— Supplied records —
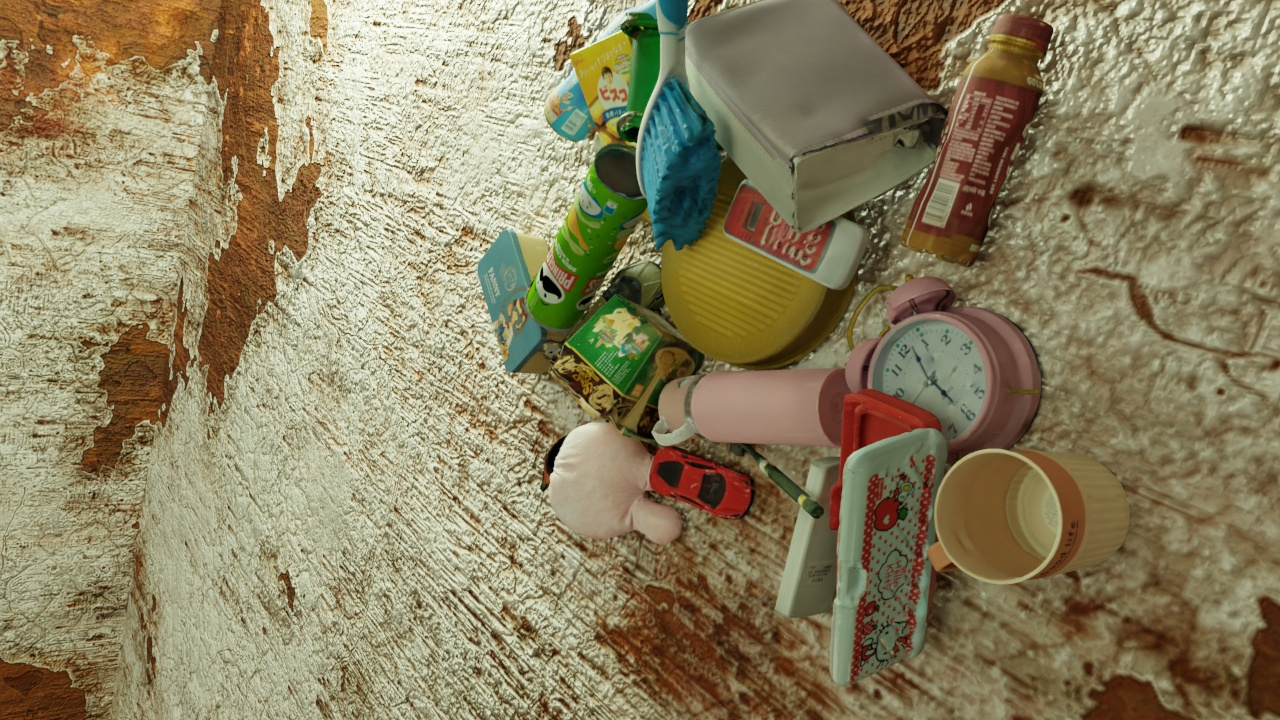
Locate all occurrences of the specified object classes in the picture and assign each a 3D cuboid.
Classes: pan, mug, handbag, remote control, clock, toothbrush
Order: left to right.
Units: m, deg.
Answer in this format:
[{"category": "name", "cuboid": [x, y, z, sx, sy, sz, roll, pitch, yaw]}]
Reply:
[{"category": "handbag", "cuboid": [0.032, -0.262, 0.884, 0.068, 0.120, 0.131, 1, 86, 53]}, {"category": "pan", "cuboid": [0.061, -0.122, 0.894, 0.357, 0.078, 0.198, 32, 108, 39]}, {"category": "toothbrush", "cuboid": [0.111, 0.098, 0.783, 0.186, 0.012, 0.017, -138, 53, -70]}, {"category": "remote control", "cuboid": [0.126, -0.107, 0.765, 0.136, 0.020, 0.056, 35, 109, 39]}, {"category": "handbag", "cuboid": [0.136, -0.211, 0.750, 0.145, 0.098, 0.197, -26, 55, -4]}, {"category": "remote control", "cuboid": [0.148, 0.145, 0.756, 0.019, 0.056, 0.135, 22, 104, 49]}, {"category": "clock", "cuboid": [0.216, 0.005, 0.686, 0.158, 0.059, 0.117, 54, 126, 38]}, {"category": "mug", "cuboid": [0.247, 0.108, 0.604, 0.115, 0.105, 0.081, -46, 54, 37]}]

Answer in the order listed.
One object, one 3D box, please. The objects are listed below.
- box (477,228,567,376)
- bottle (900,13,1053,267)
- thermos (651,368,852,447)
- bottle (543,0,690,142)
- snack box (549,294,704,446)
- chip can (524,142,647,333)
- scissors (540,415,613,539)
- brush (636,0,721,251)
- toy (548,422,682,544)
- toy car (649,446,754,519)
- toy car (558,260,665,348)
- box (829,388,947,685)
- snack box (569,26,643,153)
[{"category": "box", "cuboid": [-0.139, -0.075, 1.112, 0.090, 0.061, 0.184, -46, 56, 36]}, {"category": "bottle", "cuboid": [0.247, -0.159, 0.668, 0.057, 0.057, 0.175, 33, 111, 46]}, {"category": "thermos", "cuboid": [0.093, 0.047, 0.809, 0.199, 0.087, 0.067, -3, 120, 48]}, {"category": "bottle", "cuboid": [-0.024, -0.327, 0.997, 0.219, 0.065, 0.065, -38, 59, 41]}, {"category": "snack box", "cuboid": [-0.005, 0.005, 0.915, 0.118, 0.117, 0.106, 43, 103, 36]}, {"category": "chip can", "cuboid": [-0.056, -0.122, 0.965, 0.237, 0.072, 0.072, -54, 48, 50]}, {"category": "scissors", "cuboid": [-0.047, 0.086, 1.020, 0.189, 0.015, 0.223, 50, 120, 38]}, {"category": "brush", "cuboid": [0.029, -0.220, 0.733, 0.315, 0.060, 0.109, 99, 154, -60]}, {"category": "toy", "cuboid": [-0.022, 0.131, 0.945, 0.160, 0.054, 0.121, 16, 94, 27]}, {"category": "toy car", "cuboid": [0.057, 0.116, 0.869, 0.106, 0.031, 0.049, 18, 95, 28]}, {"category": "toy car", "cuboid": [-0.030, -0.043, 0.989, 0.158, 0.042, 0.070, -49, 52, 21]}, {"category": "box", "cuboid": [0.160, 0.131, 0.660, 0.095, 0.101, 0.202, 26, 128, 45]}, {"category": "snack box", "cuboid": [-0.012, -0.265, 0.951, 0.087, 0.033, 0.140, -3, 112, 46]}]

— Task to carry out —
The expected result is a copy of each line in the records where "Answer" appears.

— Output for this exercise —
Answer in this format:
Answer in the order listed.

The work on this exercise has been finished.